BACKGROUND OF THE INVENTION 
The invention relates generally to a probe for measuring fluid flow and 
more particularly to a dual transducer probe for measuring fluid flow by 
employing diverging ultrasound signals according to the Doppler effect 
principle, especially through blood vessels. 
In the field of medical practice, it is often desirable to obtain data 
regarding blood flow within an individual's blood vessels such as the 
arteries, veins and capillaries to assist in medical diagnosis, prognosis 
and treatment. Early microsurgeons appreciated the need for reliable and 
accurate direct evidence of anastomotic patency such as flap coloration, 
capillary refill, or peripheral bleeding. Often, surgeons had to rely on a 
subjective assessment of various types of pulsations postanastomotically. 

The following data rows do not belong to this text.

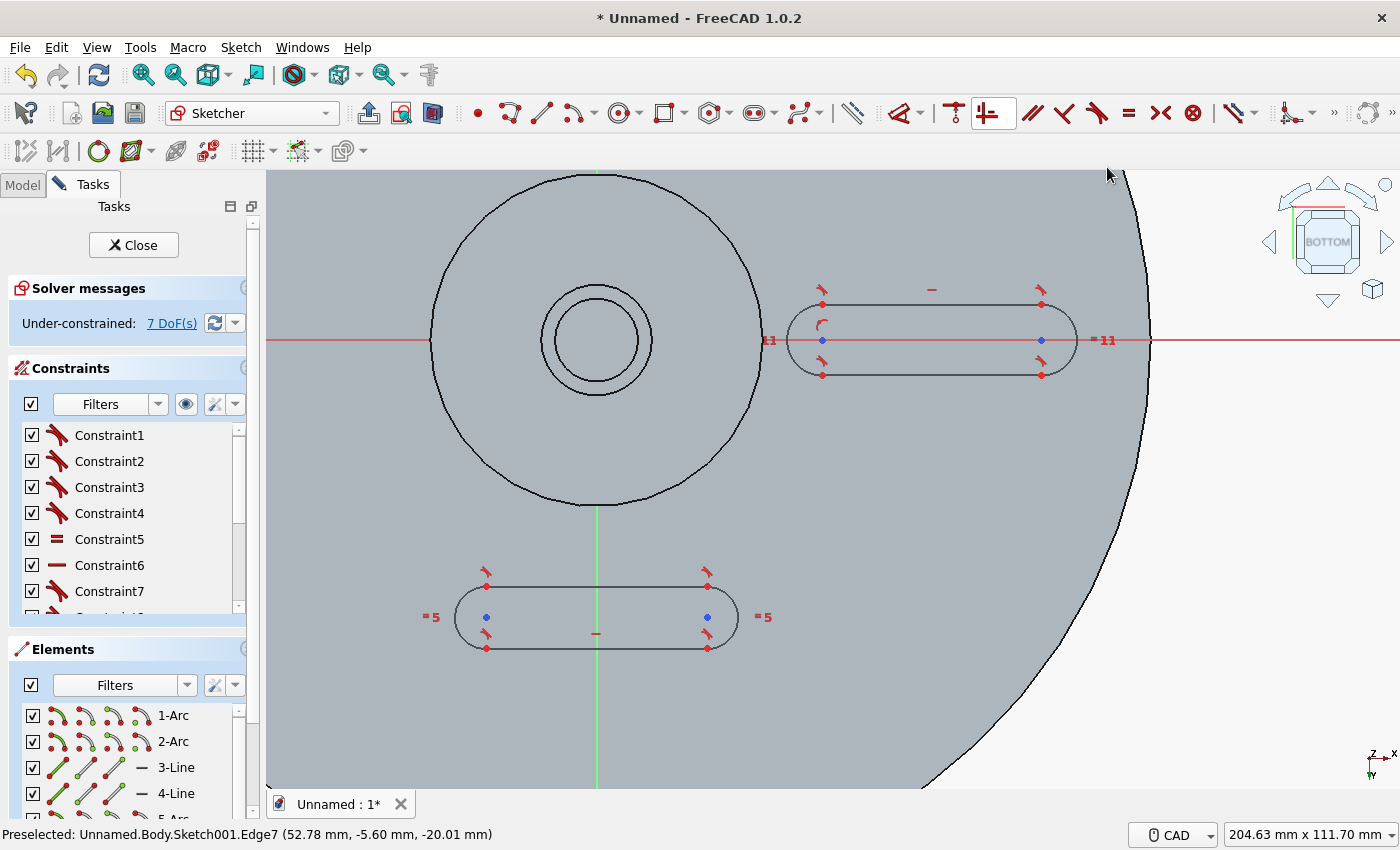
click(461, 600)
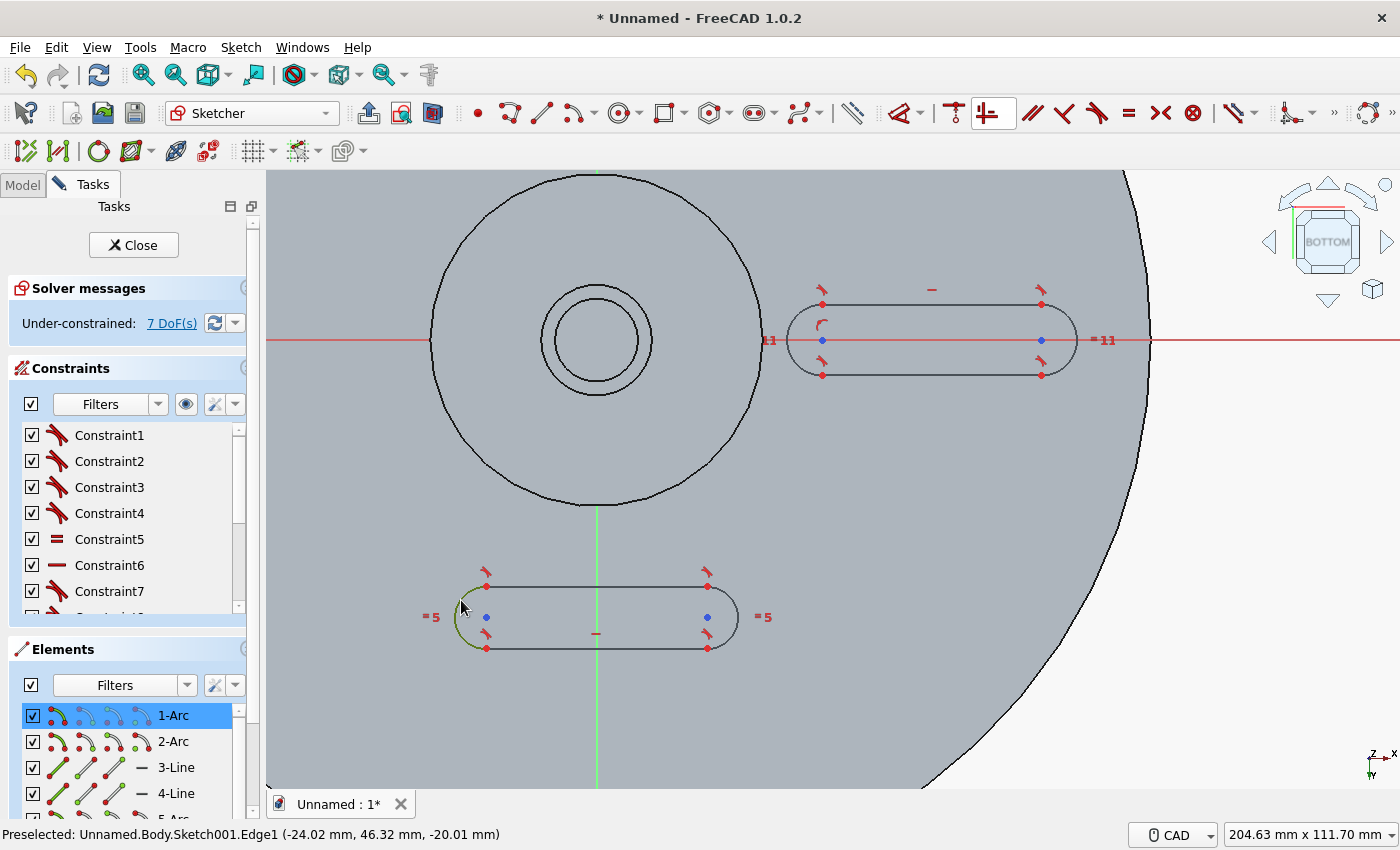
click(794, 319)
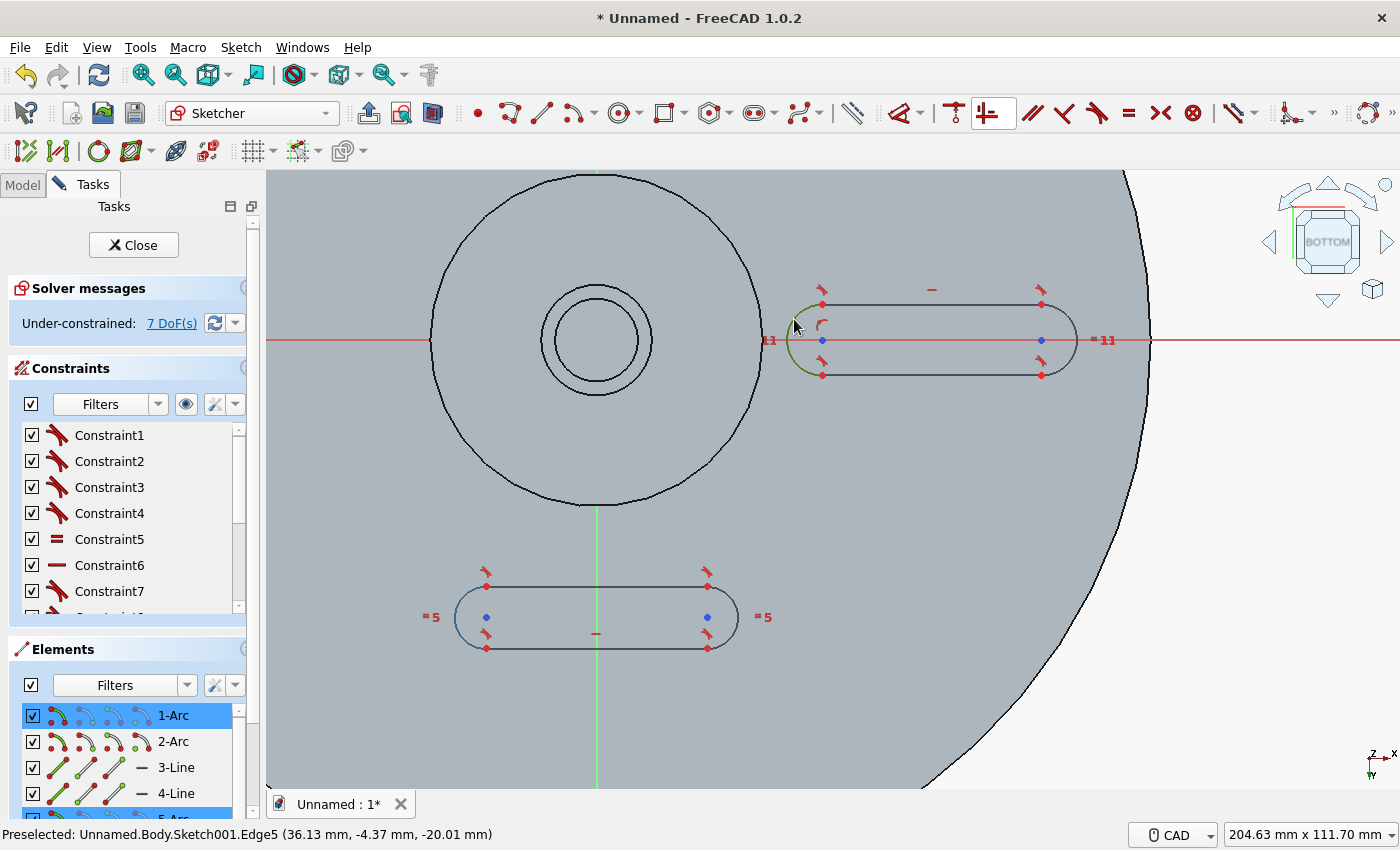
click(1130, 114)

A dual forceps or "milking" procedure was proposed by J. W. Hayhurst, et 
al. in "An experimental study of microvascular technique, patency rates 
and related factors.", Br. J. Plast Surg 28:128-32 (1975). However, this 
method is disadvantageous due to its traumatic nature and occurrences of 
proven thrombotic reduction of the lumen by 75-95% in which the 
anastomoses were classified as fully patent. 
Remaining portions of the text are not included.